Over the last month, the big energy storage news has been Hawaiian Electric's plans to install 200 MW of energy storage capacity on the Island of Oahu over the next three years. If you dig into the project specifications included in HECO's request for proposals, you'll learn that the primary uses of the stored electricity include:

  • Minute-to-minute frequency regulation to maintain a stable 60Hz current throughout the HECO grid;
  • Short duration buffering to avoid power outages from generator failures; and
  • Short-duration intermittency abatement for PV solar.

It's a classic example of a grid-scale storage user trying to aggregate several value streams using the same operating asset. To satisfy HECO's requirements, the systems must:

  • Provide megawatts of supplemental power within three cycles after a generator fault and full output response within 100 milliseconds;
  • Provide 150% of nominal power output for 10 seconds and 100% of nominal power output for 30 minutes;
  • Offer a round trip efficiency of 90% or more; and
  • Offer a 15-year lifespan.

Based on the HECO requirements, I believe three companies in my table are commercializing suitable technologies for the HECO project: Altair Nanotechnologies (NASDAQ:ALTI), Axion Power (NASDAQ:AXPW) and China's BYD (OTCPK:BYDDF). The flywheel and ultracapacitor solutions are too fast and don't have enough energy for the work. Similarly, the battery technologies with long round-trip cycle durations don't have enough power for the work. While there's no way to know whether these three manufacturers are participating in the RFP process, I have to believe they're all likely bidders. Given the sheer size and scope of the HECO project I think it's highly unlikely that a single bidder will win a sole source contract.

Regardless of the outcome of HECO's current plans, I believe the fundamentals of the business transaction are very instructive for investors who want to position their portfolios for the coming grid-scale storage boom. While many companies like SolarCity (NASDAQ:SCTY) and Tesla Motors (NASDAQ:TSLA) are talking about small storage systems for owners of residential and small commercial PV solar, these proposed products are marginal economic propositions that are only feasible because of current tax and regulatory incentives. When the incentive regime changes to more fairly reflect the problems that arise when small power producers deliver unstable current to the grid, I believe the widely publicized market for residential and small commercial storage systems will wither and die. Given the technological and economic realities of energy storage, it's clear that the lion's share of the future revenue growth will come from large commercial power users and utilities that can aggregate value streams and derive more benefit than consumers and small businesses.

In 2011 Bill Gates took a ton of heat for characterizing rooftop solar as a "cute" solution that could never deal with the bigger issue of climate change and powering the developing world. While Mr. Gates hasn't discussed residential energy storage systems, his recent investments in grid-scale storage technologies that will only be suitable for large commercial power users and utilities leave me convinced that he would include residential energy storage in the cute class.

Disclosure: The author is long AXPW. The author wrote this article themselves, and it expresses their own opinions. The author is not receiving compensation for it (other than from Seeking Alpha).

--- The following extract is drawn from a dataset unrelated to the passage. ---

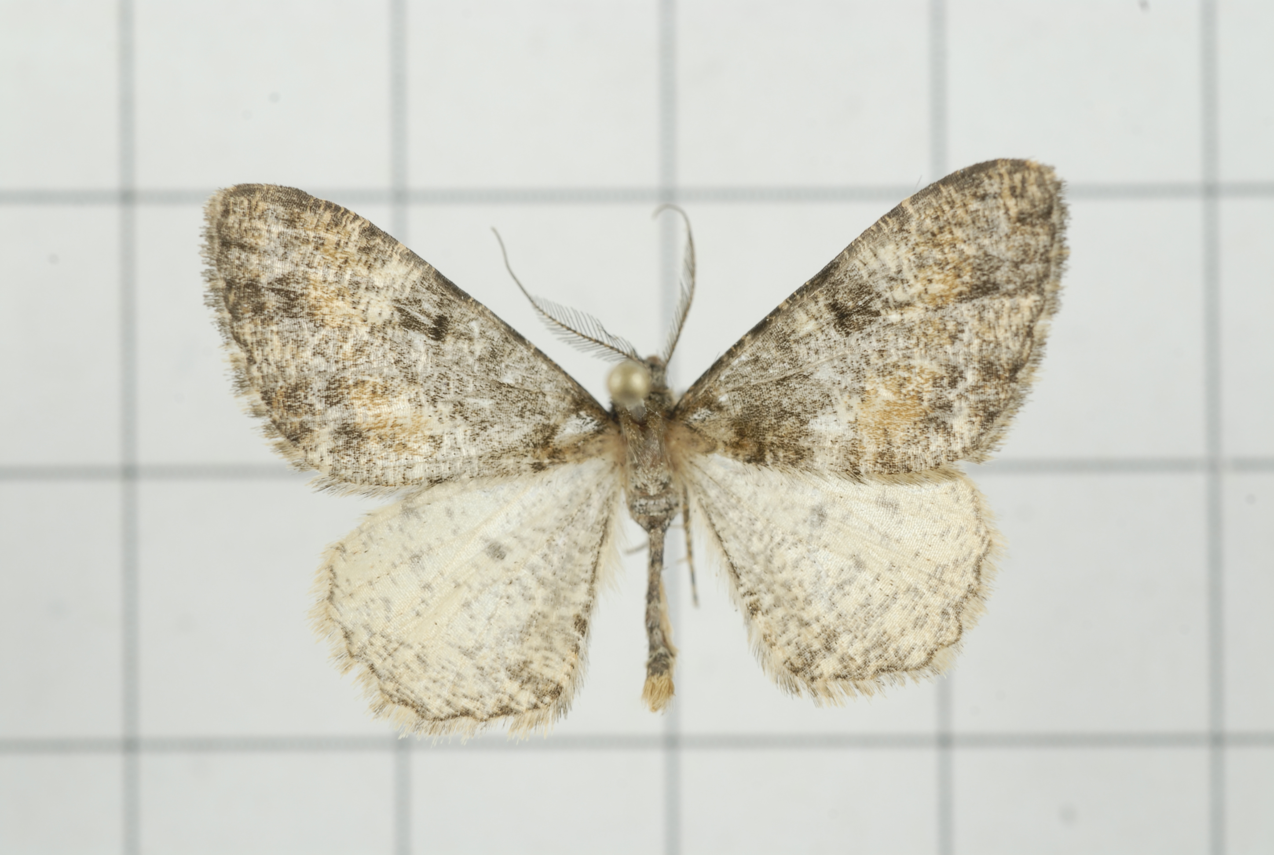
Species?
Alcis scortea
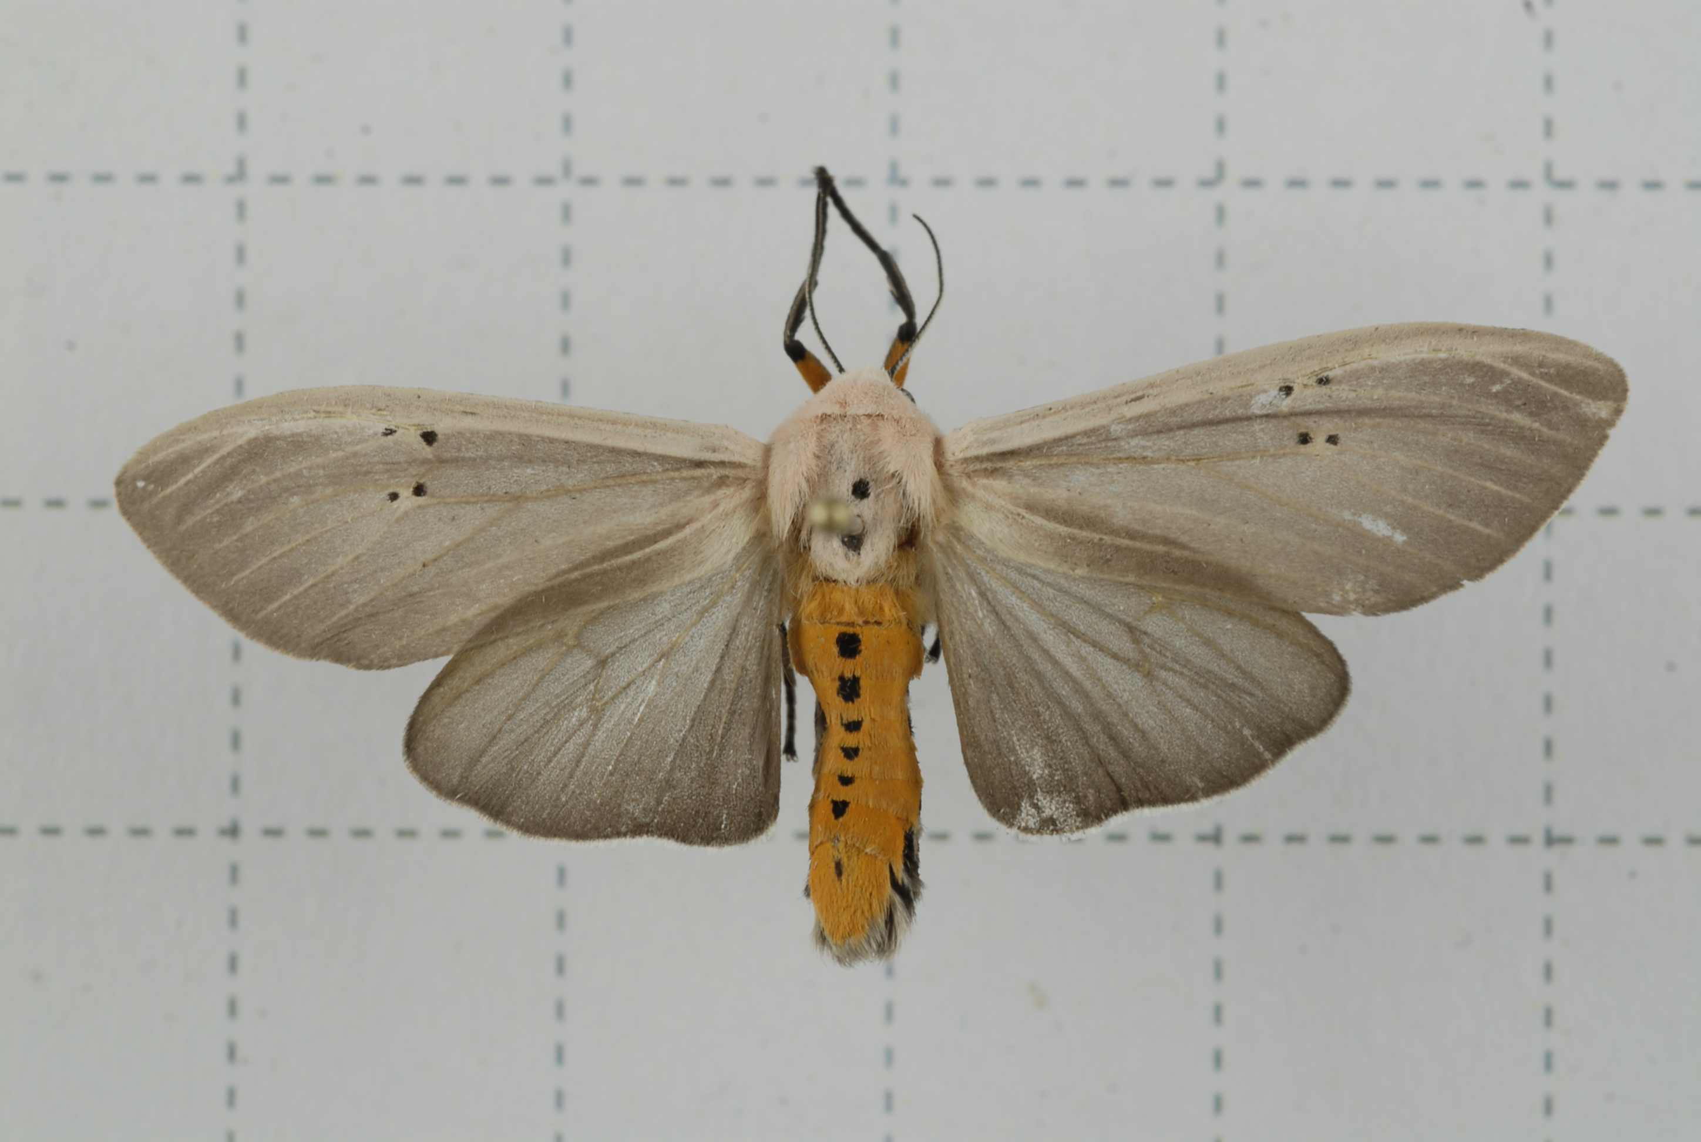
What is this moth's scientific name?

The author has no business relationship with any company whose stock is mentioned in this article.

Additional disclosure: The author served as a director of Axion Power International (AXPW) from 2005 through early 2007 and holds a substantial long position in its common stock.

Editor's Note: This article covers one or more stocks trading at less than $1 per share and/or with less than a $100 million market cap. Please be aware of the risks associated with these stocks.